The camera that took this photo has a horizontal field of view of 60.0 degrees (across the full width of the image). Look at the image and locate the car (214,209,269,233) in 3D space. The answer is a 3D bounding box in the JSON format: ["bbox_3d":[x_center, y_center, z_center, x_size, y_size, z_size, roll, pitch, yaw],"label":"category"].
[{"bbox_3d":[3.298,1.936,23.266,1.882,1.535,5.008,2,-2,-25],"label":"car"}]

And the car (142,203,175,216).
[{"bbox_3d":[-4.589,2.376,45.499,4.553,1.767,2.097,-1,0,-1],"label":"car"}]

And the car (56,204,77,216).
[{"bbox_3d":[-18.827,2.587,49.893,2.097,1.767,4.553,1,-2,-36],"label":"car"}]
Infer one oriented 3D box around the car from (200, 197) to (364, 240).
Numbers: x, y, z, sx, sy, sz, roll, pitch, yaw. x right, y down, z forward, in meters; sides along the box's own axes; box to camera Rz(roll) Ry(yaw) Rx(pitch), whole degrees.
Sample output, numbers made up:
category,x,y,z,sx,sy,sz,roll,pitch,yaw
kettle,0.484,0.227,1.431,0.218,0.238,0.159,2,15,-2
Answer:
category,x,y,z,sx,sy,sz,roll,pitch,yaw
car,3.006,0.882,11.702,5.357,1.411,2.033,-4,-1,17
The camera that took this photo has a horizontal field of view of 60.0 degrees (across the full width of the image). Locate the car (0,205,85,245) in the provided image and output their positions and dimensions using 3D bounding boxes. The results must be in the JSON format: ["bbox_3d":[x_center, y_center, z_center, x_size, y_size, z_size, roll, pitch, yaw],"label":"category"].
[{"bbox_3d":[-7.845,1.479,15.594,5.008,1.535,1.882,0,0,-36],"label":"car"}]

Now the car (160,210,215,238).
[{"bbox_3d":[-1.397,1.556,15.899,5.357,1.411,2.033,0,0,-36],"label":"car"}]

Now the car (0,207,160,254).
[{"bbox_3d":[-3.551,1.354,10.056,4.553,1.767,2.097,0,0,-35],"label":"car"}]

•••••

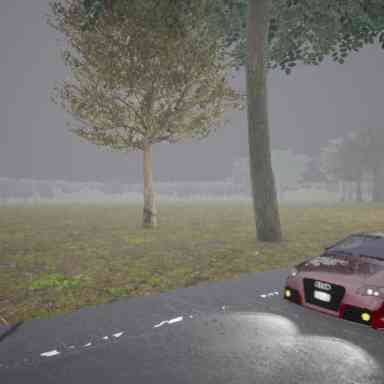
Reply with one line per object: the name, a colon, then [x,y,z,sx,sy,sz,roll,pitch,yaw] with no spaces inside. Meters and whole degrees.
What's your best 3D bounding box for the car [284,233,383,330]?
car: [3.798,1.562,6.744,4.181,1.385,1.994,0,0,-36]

•••••

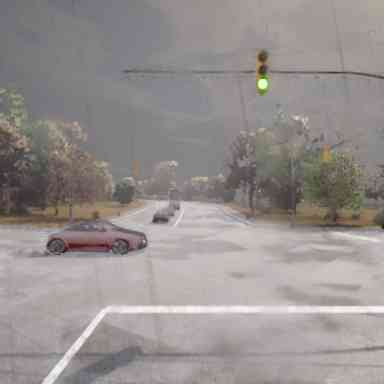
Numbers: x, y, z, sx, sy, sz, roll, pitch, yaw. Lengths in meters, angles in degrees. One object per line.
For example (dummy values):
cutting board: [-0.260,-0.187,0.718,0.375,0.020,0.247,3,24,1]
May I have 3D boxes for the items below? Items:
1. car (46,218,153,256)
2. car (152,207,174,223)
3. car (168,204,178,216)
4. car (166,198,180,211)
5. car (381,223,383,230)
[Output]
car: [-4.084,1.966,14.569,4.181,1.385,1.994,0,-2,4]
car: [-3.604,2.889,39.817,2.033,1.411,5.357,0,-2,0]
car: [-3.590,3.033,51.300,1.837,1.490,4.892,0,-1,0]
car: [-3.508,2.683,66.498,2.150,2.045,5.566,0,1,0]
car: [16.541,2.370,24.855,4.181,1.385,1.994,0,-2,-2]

•••••

Directions for this task:
What lines in the material above include "whole"? Copy every one of them.

Task answer:
Numbers: x, y, z, sx, sy, sz, roll, pitch, yaw. x right, y down, z forward, in meters; sides along the box's own axes; box to camera Rz(roll) Ry(yaw) Rx(pitch), whole degrees.
Reply with one line per object: the name, a colon, then [x,y,z,sx,sy,sz,roll,pitch,yaw] with no spaces inside. Meters and whole degrees.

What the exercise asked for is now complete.